Object-relational mapping is a programming technique that links relational databases to object-oriented language concepts, creating (in effect) a "virtual object database."

The Problem

In the object-oriented programming methodology, programming objects represent real-world objects to some degree. To illustrate, consider the example of an address book, which contains listings of people along with zero or more phone numbers and zero or more addresses. In the OO world this would be represented by a "person object" with "slots" (fields, members, instance variables etc.) to hold the data that makes up this listing: the persons name, a list (or array) of phone numbers, and a list of addresses.

The trick comes when it's time to save that data out to permanent storage. From a programmer's perspective, the best solution is a persistent object store, into which any object can be placed and later found. Most object oriented APIss include some sort of solution for this task. For instance, Java uses the Serializable interface which will "serialize" a series of objects into a form suitable for saving to disk. This is a perfectly usable solution in most situations, and most programs use some similar form of object store.

However, for larger applications the store has to be considerably more powerful. Even minor damage to a "simple" file can render the entire file unusable for real-world applications. In addition, it becomes progressively more expensive to find information in such a store as the total number of objects—or more generally, the total amount of data—grows.

The solution to these sorts of data storage problems already exists: databases. However, almost all database systems pre-date the object revolution that occurred in the 1990s, and they tend to "map" poorly into the OO world because they are based on a completely different set of concepts. This problem is known as impedance mismatch.

The best solution would be to use an object database, which, as the name implies, is a database designed specifically to look at and work with object programs. However, these databases have a serious credibility problem in the "big iron" world of databases. Programmers are forced—directly or indirectly—to use relational databases instead.

Traditional relational databases use a series of tables representing simple data. Optional or related information is stored in other tables. A single record in the database often spans several of these tables, and requires a join to collect all of the related information back into a single piece of data for processing. This would be the case for the address book, which would likely include at least a user and address table, but perhaps even a phone number table as well.

In the object world there is a clear sense of "ownership," where a particular person object owns a particular phone number. This is not the case in a relational database, where the tables have no idea how they relate to other tables at a fundamental level. Instead, the user must construct a "query" to gather the information back together.

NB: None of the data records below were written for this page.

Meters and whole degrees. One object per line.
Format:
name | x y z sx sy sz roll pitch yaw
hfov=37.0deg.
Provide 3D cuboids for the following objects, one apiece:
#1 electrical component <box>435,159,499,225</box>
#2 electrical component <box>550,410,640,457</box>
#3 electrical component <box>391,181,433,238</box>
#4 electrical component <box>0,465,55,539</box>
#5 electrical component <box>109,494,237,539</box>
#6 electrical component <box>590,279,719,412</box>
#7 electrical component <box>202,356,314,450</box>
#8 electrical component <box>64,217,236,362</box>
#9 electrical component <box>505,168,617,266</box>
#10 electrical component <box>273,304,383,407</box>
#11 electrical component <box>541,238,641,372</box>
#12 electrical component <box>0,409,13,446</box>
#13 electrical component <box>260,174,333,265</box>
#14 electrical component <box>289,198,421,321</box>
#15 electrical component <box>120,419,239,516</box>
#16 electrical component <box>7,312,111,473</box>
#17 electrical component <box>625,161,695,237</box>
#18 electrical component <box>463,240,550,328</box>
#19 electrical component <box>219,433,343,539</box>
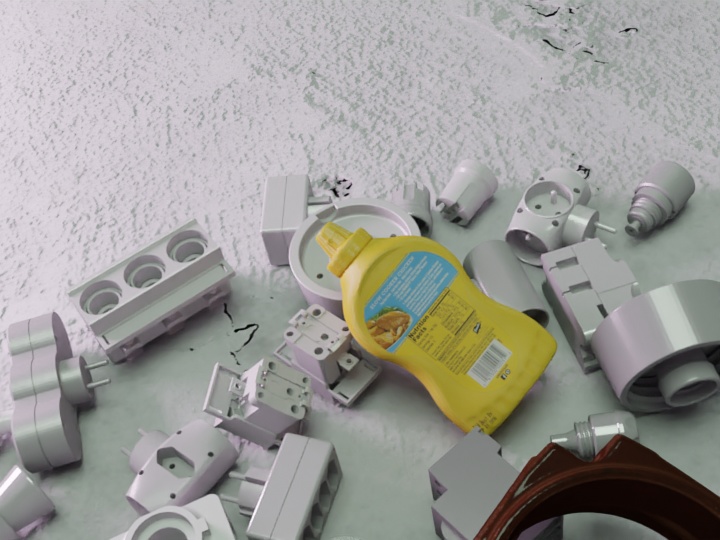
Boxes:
electrical component | 0.093 -0.067 0.940 0.040 0.040 0.046 26 65 27
electrical component | 0.169 0.121 0.776 0.061 0.035 0.035 -8 50 6
electrical component | 0.044 -0.050 0.934 0.040 0.040 0.046 -2 45 8
electrical component | -0.262 0.179 0.797 0.045 0.045 0.055 34 64 31
electrical component | -0.109 0.236 0.713 0.089 0.061 0.150 -23 51 -9
electrical component | 0.227 0.062 0.770 0.108 0.108 0.060 -15 57 -2
electrical component | -0.072 0.099 0.809 0.081 0.064 0.042 28 49 -21
electrical component | -0.172 0.019 0.900 0.121 0.063 0.078 -32 53 -16
electrical component | 0.174 -0.039 0.899 0.079 0.044 0.077 23 58 25
electrical component | -0.028 0.064 0.838 0.081 0.063 0.042 30 62 30
electrical component | 0.185 0.025 0.841 0.056 0.050 0.089 -17 50 -4
electrical component | -0.300 0.125 0.849 0.062 0.043 0.043 -13 50 -3
electrical component | -0.043 -0.045 0.940 0.077 0.047 0.065 -4 51 7
electrical component | 0.000 0.000 0.887 0.108 0.060 0.108 -5 51 6
electrical component | -0.145 0.145 0.805 0.079 0.043 0.077 28 61 28
electrical component | -0.236 0.091 0.859 0.074 0.052 0.138 -16 50 -3
electrical component | 0.248 -0.057 0.903 0.040 0.040 0.078 30 61 29
electrical component | 0.100 0.023 0.861 0.079 0.044 0.077 -19 51 -6
electrical component | -0.063 0.163 0.774 0.076 0.047 0.083 10 54 17
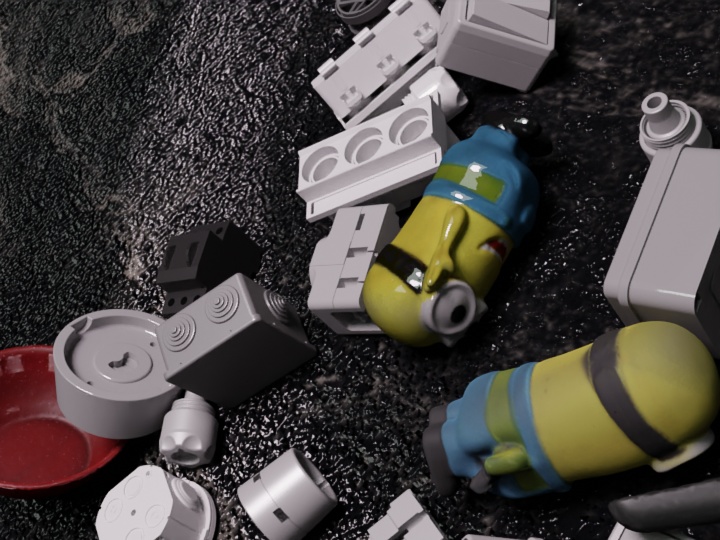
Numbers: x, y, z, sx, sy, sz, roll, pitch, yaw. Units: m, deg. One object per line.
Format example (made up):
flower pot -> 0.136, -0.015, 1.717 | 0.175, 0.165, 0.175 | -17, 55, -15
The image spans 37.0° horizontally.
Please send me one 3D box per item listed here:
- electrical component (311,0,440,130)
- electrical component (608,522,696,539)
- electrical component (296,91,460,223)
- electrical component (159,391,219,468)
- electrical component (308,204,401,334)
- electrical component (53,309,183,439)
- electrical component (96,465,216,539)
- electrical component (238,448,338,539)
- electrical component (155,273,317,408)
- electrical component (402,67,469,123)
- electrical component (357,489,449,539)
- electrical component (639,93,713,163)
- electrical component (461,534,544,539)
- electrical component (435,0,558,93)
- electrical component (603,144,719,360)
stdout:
electrical component -> 0.022, -0.175, 0.916 | 0.121, 0.063, 0.078 | -40, 17, 6
electrical component -> 0.160, 0.170, 0.560 | 0.096, 0.061, 0.061 | 19, 72, 45
electrical component -> 0.018, -0.082, 0.858 | 0.121, 0.063, 0.078 | -20, 49, 25
electrical component -> -0.131, 0.119, 0.838 | 0.043, 0.043, 0.062 | -18, 49, 27
electrical component -> 0.000, 0.000, 0.819 | 0.056, 0.050, 0.089 | -3, 57, 36
electrical component -> -0.194, 0.089, 0.870 | 0.108, 0.108, 0.060 | -118, 34, -46
electrical component -> -0.151, 0.188, 0.795 | 0.080, 0.051, 0.080 | -20, 48, 25
electrical component -> -0.048, 0.156, 0.738 | 0.047, 0.055, 0.055 | -41, 43, 1
electrical component -> -0.096, 0.054, 0.819 | 0.100, 0.100, 0.048 | -33, 57, 14
electrical component -> 0.055, -0.134, 0.883 | 0.062, 0.043, 0.043 | -38, 43, 10
electrical component -> 0.026, 0.176, 0.671 | 0.055, 0.048, 0.066 | -38, 43, -2
electrical component -> 0.207, -0.093, 0.719 | 0.043, 0.062, 0.043 | -21, 48, 25
electrical component -> 0.065, 0.213, 0.570 | 0.108, 0.056, 0.108 | 122, 150, -42
electrical component -> 0.114, -0.188, 0.843 | 0.061, 0.096, 0.061 | 119, 163, -57
electrical component -> 0.201, -0.012, 0.652 | 0.057, 0.078, 0.113 | 10, 66, 39
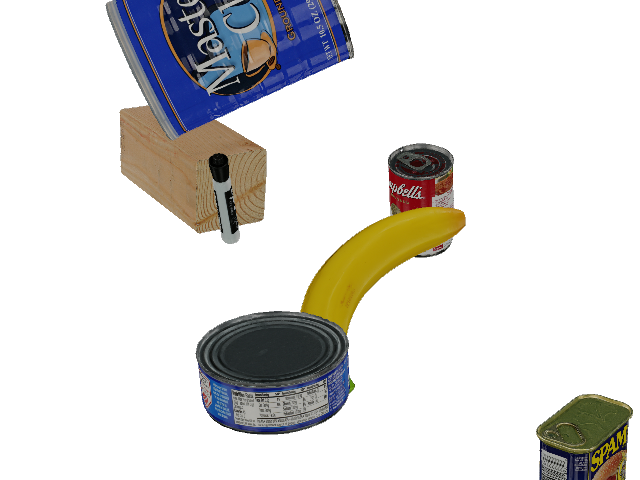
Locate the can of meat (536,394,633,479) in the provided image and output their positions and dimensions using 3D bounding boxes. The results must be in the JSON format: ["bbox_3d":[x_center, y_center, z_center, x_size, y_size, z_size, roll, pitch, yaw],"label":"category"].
[{"bbox_3d":[0.242,0.202,0.980,0.058,0.084,0.101,14,26,39],"label":"can of meat"}]

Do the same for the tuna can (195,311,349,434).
[{"bbox_3d":[-0.026,0.073,0.602,0.086,0.034,0.086,-3,23,1],"label":"tuna can"}]

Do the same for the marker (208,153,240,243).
[{"bbox_3d":[-0.092,-0.040,1.022,0.020,0.020,0.121,0,-37,2],"label":"marker"}]

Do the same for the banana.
[{"bbox_3d":[0.037,0.029,0.787,0.069,0.197,0.037,37,-35,2],"label":"banana"}]

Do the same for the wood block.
[{"bbox_3d":[-0.155,-0.092,1.271,0.090,0.090,0.206,-12,29,-32],"label":"wood block"}]

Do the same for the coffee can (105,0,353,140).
[{"bbox_3d":[-0.061,-0.144,0.733,0.140,0.103,0.103,-25,0,-1],"label":"coffee can"}]

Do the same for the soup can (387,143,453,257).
[{"bbox_3d":[0.106,-0.042,1.125,0.068,0.102,0.068,-3,35,2],"label":"soup can"}]

Doing this is not a simple task. Due to the complexities of relational databases, it can be very expensive to submit several queries in a row. One can't, for instance, expect good performance if one does a series of operations like "find this user, ok, now find this user's addresses, ok...". Instead, one must construct a single large query that says "find this user and all their addresses and phone numbers and return them in this format."

After construction of the query, the data returned has to be copied into the fields in the objects in question. Once there, the object has to watch to see if these values change, and then carefully reverse the process to write the data back out to the database.

Given these two very different worlds, object code for working with databases tends to be very complex and bug-ridden.

The Solution

Object-relational systems attempt to solve this problem by providing software to do this mapping automatically. Given a list of tables in the database, and objects in the program, they will automatically map requests from one to the other. Asking a person object for its phone numbers will result in the proper query being created and sent, and the results being "magically" translated directly into address objects inside the program.

From a programmer's perspective, the system looks like a persistent object store. One can create objects and work with them as one would normally, and they automatically end up in the relational database.

Things are never that simple though. All O-R systems tend to make themselves visible in various ways, reducing to some degree one's ability to ignore the database. Worse, the translation layer can be slow and inefficient (notably in terms of the SQL it writes), resulting in programs that are slower and use more memory than code written "by hand."

A number of O-R systems have been created over the years, but their effect on the market seems mixed. Considered one of the best was NeXT's Enterprise Objects Framework (EOF), but it failed to have a lasting impact on the market, chiefly because it was tightly tied to NeXT's entire toolkit, OpenStep. It was later integrated into NeXT's WebObjects, the first object-oriented Web Application Server. Since Apple Computer bought NeXT in 1997, EOF provides the technology behind the Apple e-commerce Web site and the .Mac services. Apple provides EOF in two implementations: the Objective-C implementation that comes with the Apple Developers Tools and the Pure Java implementation that comes in WebObjects 5.2

More recently, a similar system has started to evolve in the Java world, known as Java Data Objects (JDO). Unlike EOF, it is a standard only, and it is expected that several implementations will be available from different vendors.